Restate the records that follow word for word. Omit the images.

Data in this exercise:

________________________________________

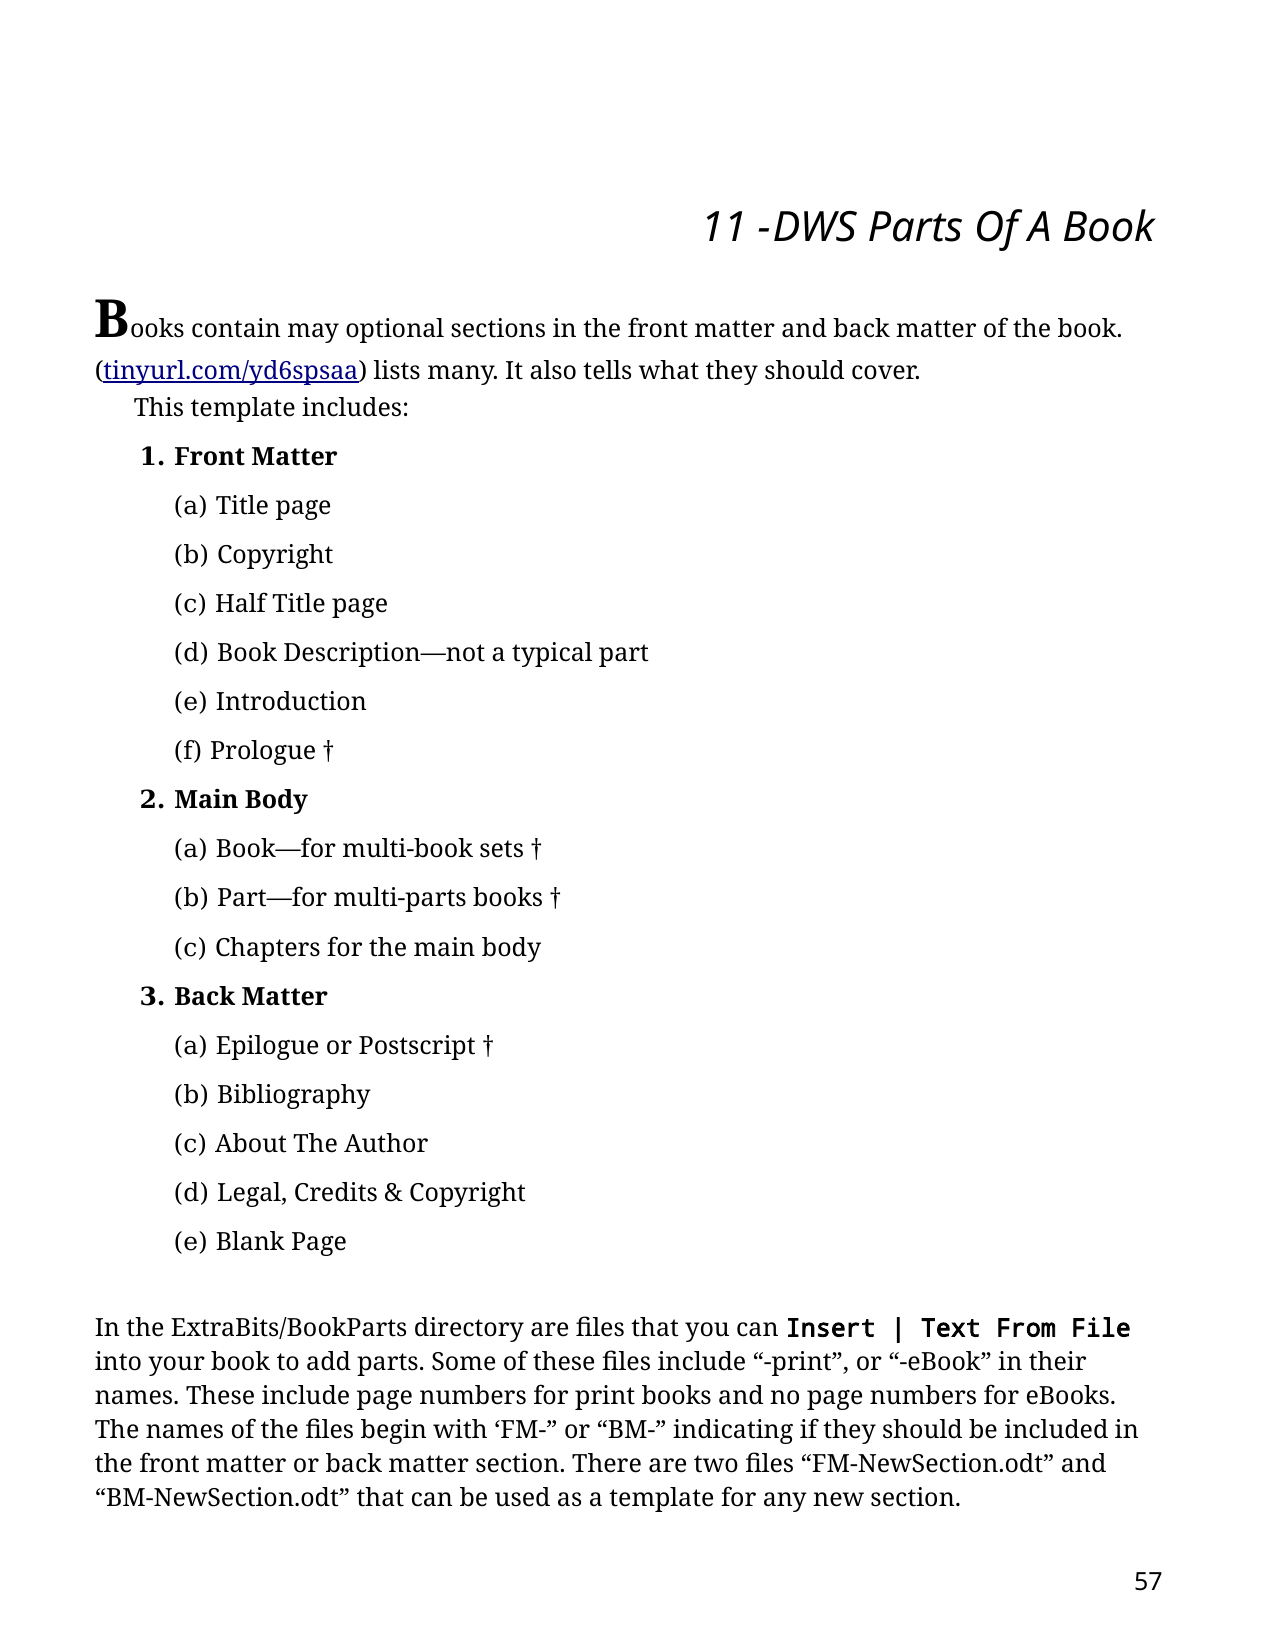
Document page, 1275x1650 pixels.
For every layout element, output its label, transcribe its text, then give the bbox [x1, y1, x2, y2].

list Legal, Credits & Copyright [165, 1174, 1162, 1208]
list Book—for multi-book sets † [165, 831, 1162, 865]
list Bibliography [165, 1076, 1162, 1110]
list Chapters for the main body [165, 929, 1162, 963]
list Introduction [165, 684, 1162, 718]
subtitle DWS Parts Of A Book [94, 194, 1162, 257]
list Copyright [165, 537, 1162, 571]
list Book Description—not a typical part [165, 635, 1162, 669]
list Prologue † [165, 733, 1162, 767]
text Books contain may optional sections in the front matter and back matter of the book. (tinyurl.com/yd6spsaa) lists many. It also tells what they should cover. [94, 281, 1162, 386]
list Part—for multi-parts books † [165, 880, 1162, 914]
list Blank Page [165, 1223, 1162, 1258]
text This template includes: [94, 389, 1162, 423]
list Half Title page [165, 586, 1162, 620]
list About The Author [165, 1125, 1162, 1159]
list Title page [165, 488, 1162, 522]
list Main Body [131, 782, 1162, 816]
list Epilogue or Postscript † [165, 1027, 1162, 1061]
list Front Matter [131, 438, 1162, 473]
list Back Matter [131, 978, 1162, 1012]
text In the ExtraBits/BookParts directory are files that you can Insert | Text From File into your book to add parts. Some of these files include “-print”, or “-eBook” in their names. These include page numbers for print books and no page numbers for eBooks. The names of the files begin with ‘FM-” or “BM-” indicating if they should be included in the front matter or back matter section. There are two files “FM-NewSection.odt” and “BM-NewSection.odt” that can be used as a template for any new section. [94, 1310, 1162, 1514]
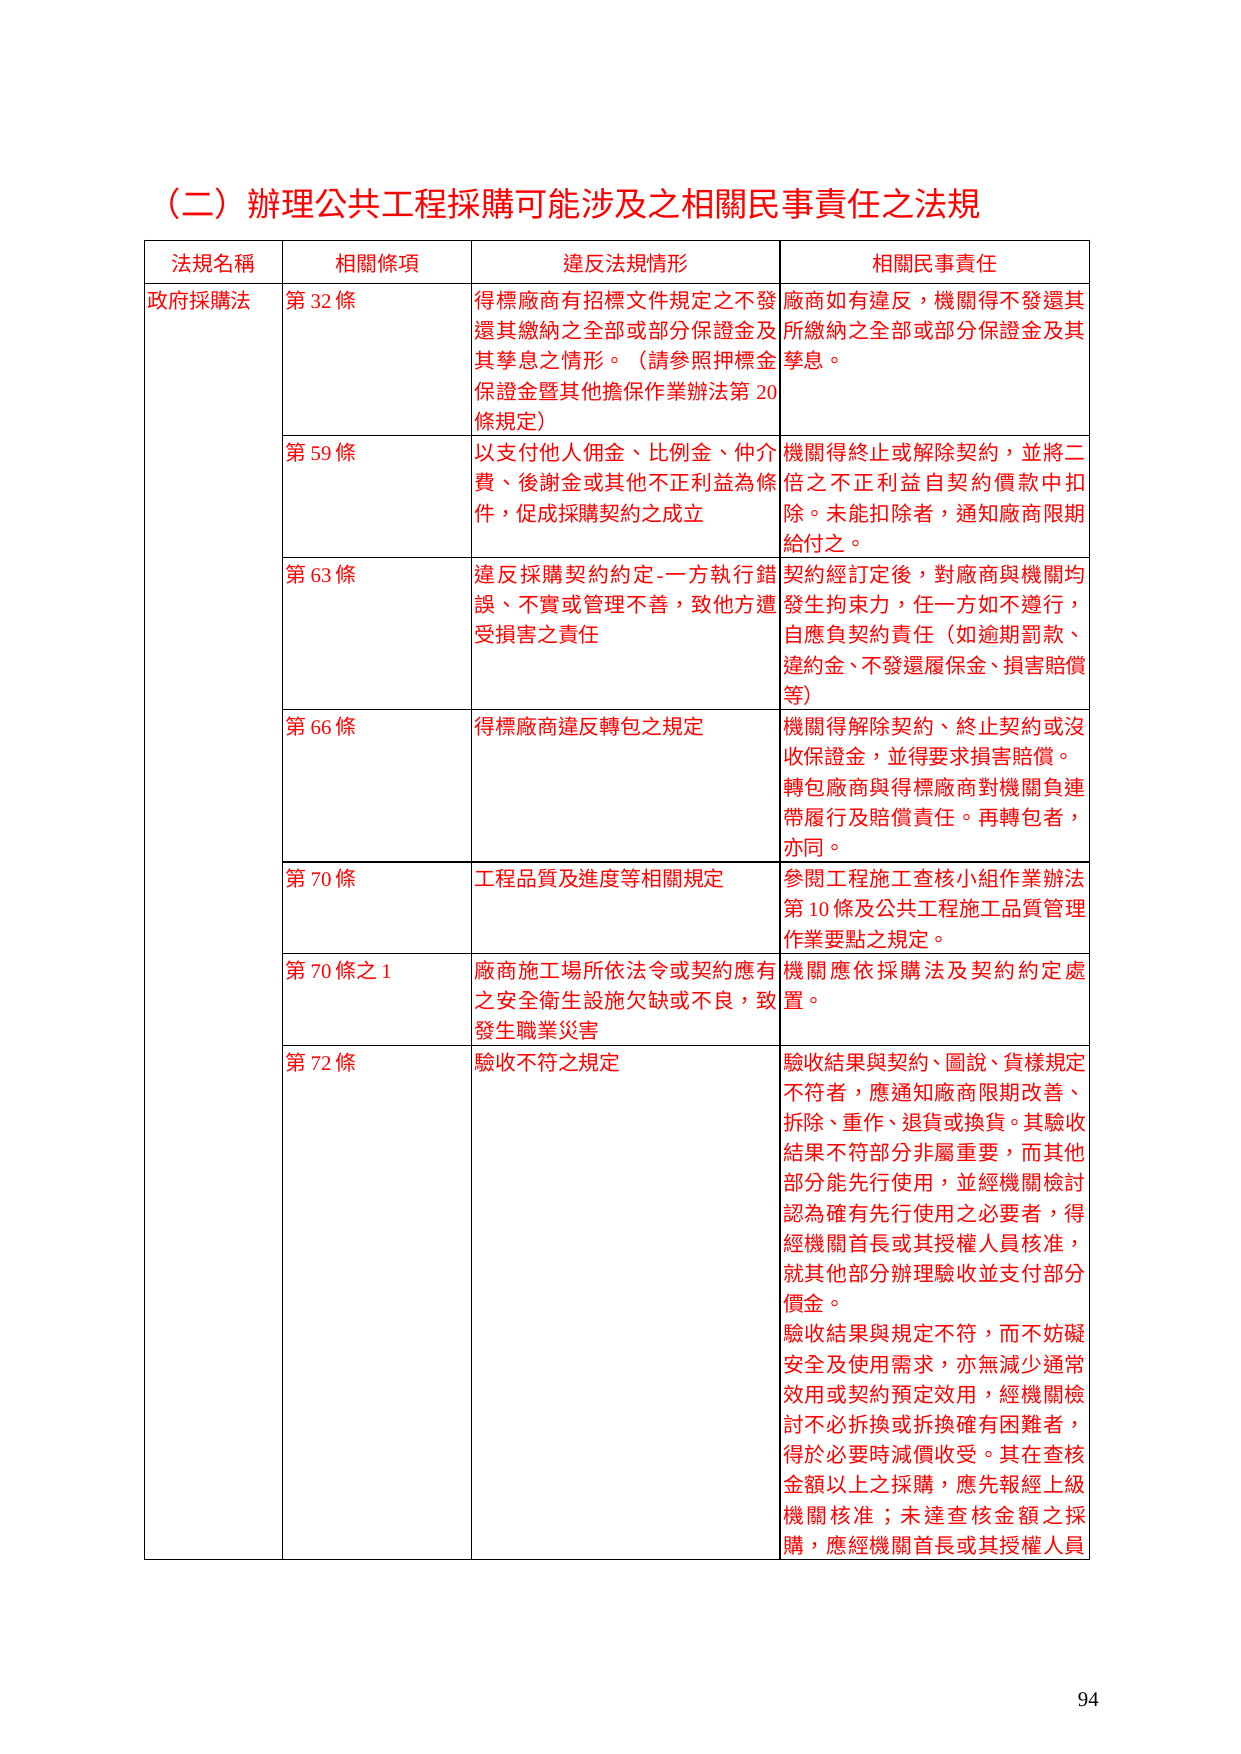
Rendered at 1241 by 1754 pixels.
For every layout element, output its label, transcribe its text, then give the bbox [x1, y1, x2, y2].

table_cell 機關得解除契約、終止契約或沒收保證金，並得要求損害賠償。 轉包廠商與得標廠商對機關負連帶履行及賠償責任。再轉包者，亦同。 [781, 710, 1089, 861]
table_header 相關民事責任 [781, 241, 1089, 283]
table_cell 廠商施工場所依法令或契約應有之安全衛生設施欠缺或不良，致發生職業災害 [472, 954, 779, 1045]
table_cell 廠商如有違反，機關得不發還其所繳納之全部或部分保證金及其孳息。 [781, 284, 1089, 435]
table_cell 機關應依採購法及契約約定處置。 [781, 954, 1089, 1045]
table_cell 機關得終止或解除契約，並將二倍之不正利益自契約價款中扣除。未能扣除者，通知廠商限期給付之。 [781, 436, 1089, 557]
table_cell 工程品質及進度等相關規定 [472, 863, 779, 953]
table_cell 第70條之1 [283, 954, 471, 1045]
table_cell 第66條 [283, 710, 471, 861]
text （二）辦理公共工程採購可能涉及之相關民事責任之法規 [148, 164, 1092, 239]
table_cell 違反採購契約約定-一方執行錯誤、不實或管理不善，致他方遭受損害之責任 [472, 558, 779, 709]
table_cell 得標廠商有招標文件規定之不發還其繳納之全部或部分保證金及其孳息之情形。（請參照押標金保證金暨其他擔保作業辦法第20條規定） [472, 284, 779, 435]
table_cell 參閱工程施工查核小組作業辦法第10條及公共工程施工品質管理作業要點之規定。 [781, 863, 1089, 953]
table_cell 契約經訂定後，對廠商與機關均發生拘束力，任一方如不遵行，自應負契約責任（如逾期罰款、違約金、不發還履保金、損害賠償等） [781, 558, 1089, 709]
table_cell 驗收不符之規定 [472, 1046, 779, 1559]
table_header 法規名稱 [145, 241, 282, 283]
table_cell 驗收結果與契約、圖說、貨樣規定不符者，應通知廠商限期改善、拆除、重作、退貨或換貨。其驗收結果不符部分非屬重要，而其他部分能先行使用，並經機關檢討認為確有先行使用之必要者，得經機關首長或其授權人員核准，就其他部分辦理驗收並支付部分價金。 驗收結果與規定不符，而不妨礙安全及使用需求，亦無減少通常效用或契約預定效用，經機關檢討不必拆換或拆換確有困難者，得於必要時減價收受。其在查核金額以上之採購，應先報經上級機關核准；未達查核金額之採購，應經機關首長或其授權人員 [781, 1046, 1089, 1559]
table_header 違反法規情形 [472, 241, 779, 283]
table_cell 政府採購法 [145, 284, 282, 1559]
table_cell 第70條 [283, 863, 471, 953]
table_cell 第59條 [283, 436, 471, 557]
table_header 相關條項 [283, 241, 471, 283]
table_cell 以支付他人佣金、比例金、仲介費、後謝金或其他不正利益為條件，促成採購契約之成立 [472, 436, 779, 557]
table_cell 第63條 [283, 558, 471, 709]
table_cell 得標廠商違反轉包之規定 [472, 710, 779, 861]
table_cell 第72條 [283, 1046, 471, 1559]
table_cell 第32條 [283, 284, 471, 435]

________________________________________

Expected answer:
Document page, 1275x1650 pixels.
For every layout element, output its label, transcribe its text, then give the bbox [x1, y1, x2, y2].

list Legal, Credits & Copyright [165, 1174, 1162, 1208]
list Book—for multi-book sets † [165, 831, 1162, 865]
list Bibliography [165, 1076, 1162, 1110]
list Chapters for the main body [165, 929, 1162, 963]
list Introduction [165, 684, 1162, 718]
subtitle DWS Parts Of A Book [94, 194, 1162, 257]
list Copyright [165, 537, 1162, 571]
list Book Description—not a typical part [165, 635, 1162, 669]
list Prologue † [165, 733, 1162, 767]
text Books contain may optional sections in the front matter and back matter of the book. (tinyurl.com/yd6spsaa) lists many. It also tells what they should cover. [94, 281, 1162, 386]
list Part—for multi-parts books † [165, 880, 1162, 914]
list Blank Page [165, 1223, 1162, 1258]
text This template includes: [94, 389, 1162, 423]
list Half Title page [165, 586, 1162, 620]
list About The Author [165, 1125, 1162, 1159]
list Title page [165, 488, 1162, 522]
list Main Body [131, 782, 1162, 816]
list Epilogue or Postscript † [165, 1027, 1162, 1061]
list Front Matter [131, 438, 1162, 473]
list Back Matter [131, 978, 1162, 1012]
text In the ExtraBits/BookParts directory are files that you can Insert | Text From File into your book to add parts. Some of these files include “-print”, or “-eBook” in their names. These include page numbers for print books and no page numbers for eBooks. The names of the files begin with ‘FM-” or “BM-” indicating if they should be included in the front matter or back matter section. There are two files “FM-NewSection.odt” and “BM-NewSection.odt” that can be used as a template for any new section. [94, 1310, 1162, 1514]
Rendered at 1241 by 1754 pixels.
For every layout element, output its label, transcribe its text, then give the bbox [x1, y1, x2, y2].

table_cell 機關得解除契約、終止契約或沒收保證金，並得要求損害賠償。 轉包廠商與得標廠商對機關負連帶履行及賠償責任。再轉包者，亦同。 [781, 710, 1089, 861]
table_header 相關民事責任 [781, 241, 1089, 283]
table_cell 廠商施工場所依法令或契約應有之安全衛生設施欠缺或不良，致發生職業災害 [472, 954, 779, 1045]
table_cell 廠商如有違反，機關得不發還其所繳納之全部或部分保證金及其孳息。 [781, 284, 1089, 435]
table_cell 機關應依採購法及契約約定處置。 [781, 954, 1089, 1045]
table_cell 機關得終止或解除契約，並將二倍之不正利益自契約價款中扣除。未能扣除者，通知廠商限期給付之。 [781, 436, 1089, 557]
table_cell 工程品質及進度等相關規定 [472, 863, 779, 953]
table_cell 第70條之1 [283, 954, 471, 1045]
table_cell 第66條 [283, 710, 471, 861]
text （二）辦理公共工程採購可能涉及之相關民事責任之法規 [148, 164, 1092, 239]
table_cell 違反採購契約約定-一方執行錯誤、不實或管理不善，致他方遭受損害之責任 [472, 558, 779, 709]
table_cell 得標廠商有招標文件規定之不發還其繳納之全部或部分保證金及其孳息之情形。（請參照押標金保證金暨其他擔保作業辦法第20條規定） [472, 284, 779, 435]
table_cell 參閱工程施工查核小組作業辦法第10條及公共工程施工品質管理作業要點之規定。 [781, 863, 1089, 953]
table_cell 契約經訂定後，對廠商與機關均發生拘束力，任一方如不遵行，自應負契約責任（如逾期罰款、違約金、不發還履保金、損害賠償等） [781, 558, 1089, 709]
table_cell 驗收不符之規定 [472, 1046, 779, 1559]
table_header 法規名稱 [145, 241, 282, 283]
table_cell 驗收結果與契約、圖說、貨樣規定不符者，應通知廠商限期改善、拆除、重作、退貨或換貨。其驗收結果不符部分非屬重要，而其他部分能先行使用，並經機關檢討認為確有先行使用之必要者，得經機關首長或其授權人員核准，就其他部分辦理驗收並支付部分價金。 驗收結果與規定不符，而不妨礙安全及使用需求，亦無減少通常效用或契約預定效用，經機關檢討不必拆換或拆換確有困難者，得於必要時減價收受。其在查核金額以上之採購，應先報經上級機關核准；未達查核金額之採購，應經機關首長或其授權人員 [781, 1046, 1089, 1559]
table_header 違反法規情形 [472, 241, 779, 283]
table_cell 政府採購法 [145, 284, 282, 1559]
table_cell 第70條 [283, 863, 471, 953]
table_cell 第59條 [283, 436, 471, 557]
table_header 相關條項 [283, 241, 471, 283]
table_cell 以支付他人佣金、比例金、仲介費、後謝金或其他不正利益為條件，促成採購契約之成立 [472, 436, 779, 557]
table_cell 第63條 [283, 558, 471, 709]
table_cell 得標廠商違反轉包之規定 [472, 710, 779, 861]
table_cell 第72條 [283, 1046, 471, 1559]
table_cell 第32條 [283, 284, 471, 435]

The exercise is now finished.